Question

One end of a massless spring of spring constant $100N/m$ is fixed at the centre of a frictionless horizontal table and the other end is connected to a body of mass $7kg$ lying on the table at rest. The spring has a natural length of $2m$. If the spring remains horizontal and mass is made to rotate at an angular speed of $1rad/s$, then find the elongation in the spring, assuming the elongation to be small compared to the natural length of the spring.

• A. $14cm$
• B. $3.5cm$
• C. $35cm$
• D. $1.4cm$

Answer 1

The correct option is A $14cm$

When the body is rotating in a horizontal circular path, then the spring undergoes elongation to provide the required centripetal force for the body.
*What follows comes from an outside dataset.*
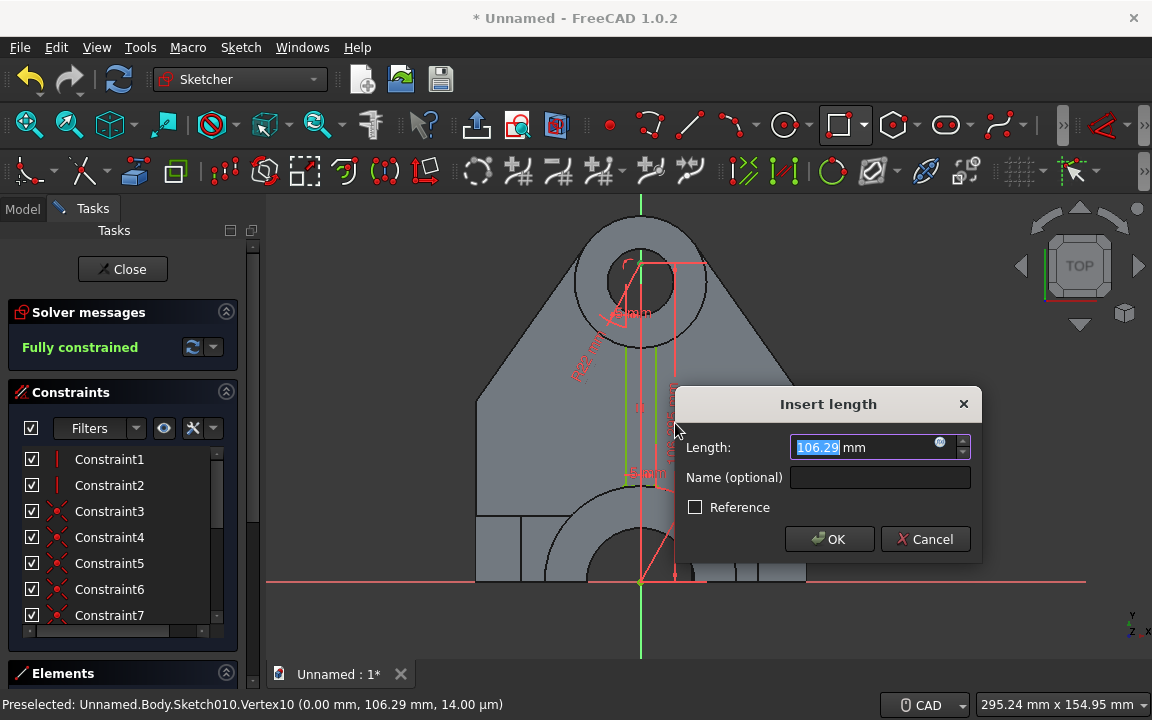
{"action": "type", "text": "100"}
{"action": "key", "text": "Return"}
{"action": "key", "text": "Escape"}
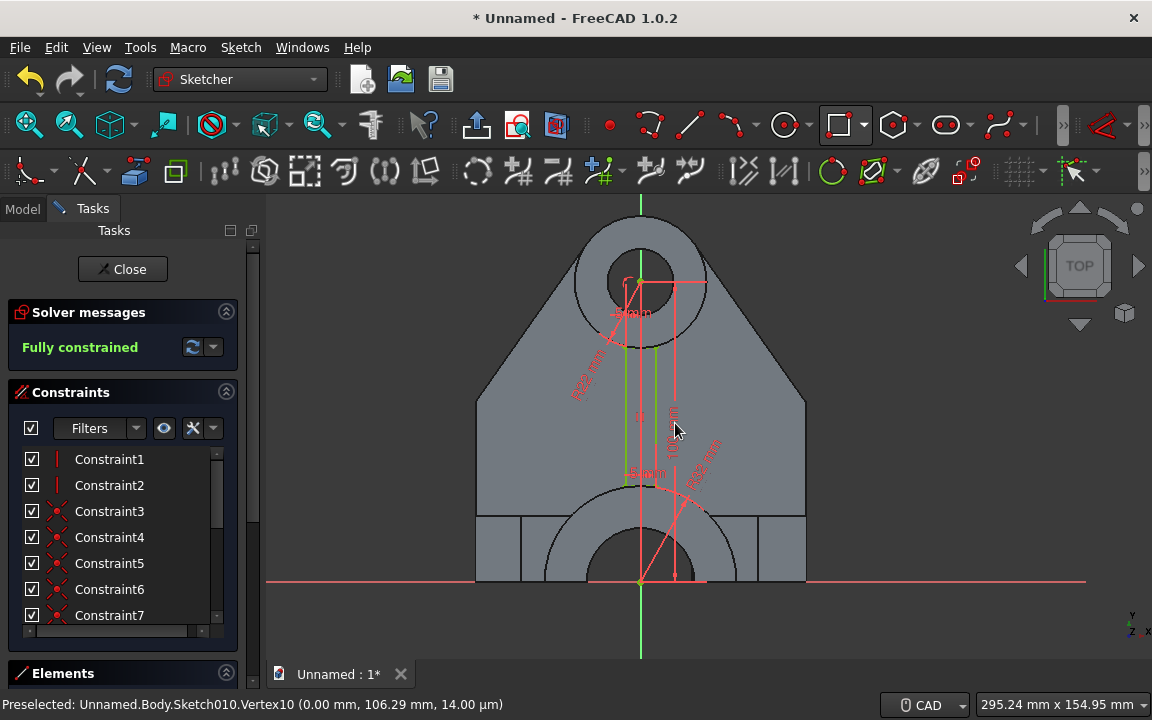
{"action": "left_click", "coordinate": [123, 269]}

Applying the equation of circular motion along radial direction
$F_{net}=mr{\omega }^2$ .....(1)

Now let us assume the extension in spring as $x$ metres.
$\therefore$ Spring force $F_{spring}=kx$

$\Rightarrow kx=mr{\omega }^2$ ....(2)

Substituting $m=7kg,\omega =1rad/s$
$r=$ natural length of spring $=2m$ in equation (2)

$\therefore$ $x=\frac{mr{\omega }^2}{k}=\frac{7\times 2\times (1{)}^2}{100}=0.14m=14cm$